Really interesting video which is well worth watching

I would hardly say he shredded the competition, given that he also made a video about how janky MuseScore 3 was, and then was given the opportunity to fix it… and did. And he included a pisstake about MuseScore in the bit which included a pisstake of Dorico, Sibelius and Finale.

As for his design; actually I think he more than most has a history of producing excellent design. His Leland font is superb, if you read his design thoughts about Audacity they make it easier to use and understand, and MuseScore 4 is groundbreaking in terms of open source software.

I’m a big user of open source software. I have bought precisely three pieces of software in my life not counting Windows which came with the computers I have bought.

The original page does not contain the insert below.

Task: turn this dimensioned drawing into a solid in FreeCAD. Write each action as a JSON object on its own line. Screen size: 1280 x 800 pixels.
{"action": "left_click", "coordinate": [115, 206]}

They are Sibelius 6, because it was the best piece of software available at the time (and my Dad taught the Finn brothers Physics and approved of them), Dorico because Sibelius 7/8 was an unintuative disaster area which used icons from the Encarta Encyclopaedia from 1992, and Dorico was much, much better, and DesignaKnit, because it was the only practical solution at the time.

I love things like FreeCad and LibreOffice, but you universally have to put up with nonsense that you wouldn’t have to with proprietary software because it is basically designed by committee.

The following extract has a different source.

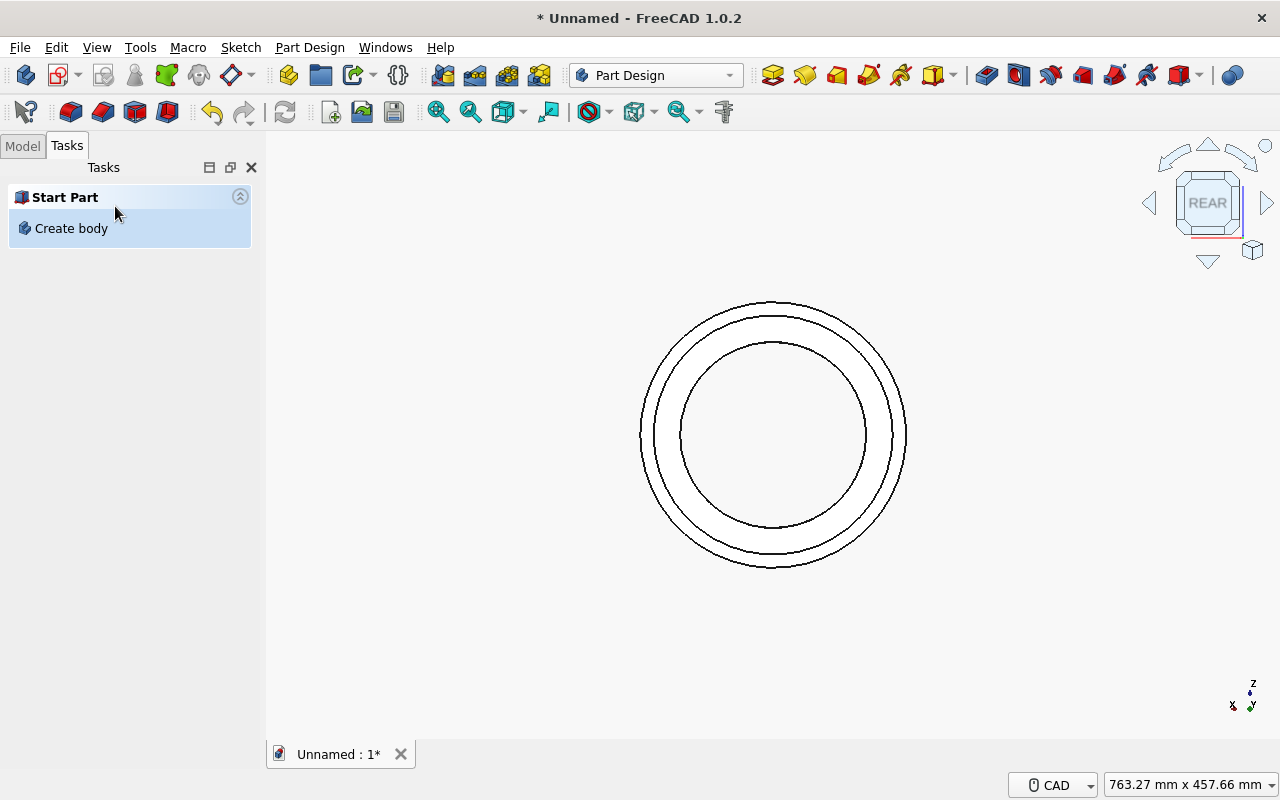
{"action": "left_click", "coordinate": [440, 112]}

MuseScore (at least version 4, and to an extent 3.6) looks, feels and acts like a piece of proper high end scoring software - certainly 4 has been much better than Sib 8 or Finale ever since I started playing with the alpha release, and it is free. Utterly, GPL licenced, for ever and ever and ever, free. Can you name even one piece of GPL software which comes even the tiniest bit close to the standard of MuseScore 4? I very much doubt it.

So yeah, I do rate Keary’s design. I’d say him and Daniel’s Making Notes blog are the two most impressive pieces of notation design philosophy I have come across.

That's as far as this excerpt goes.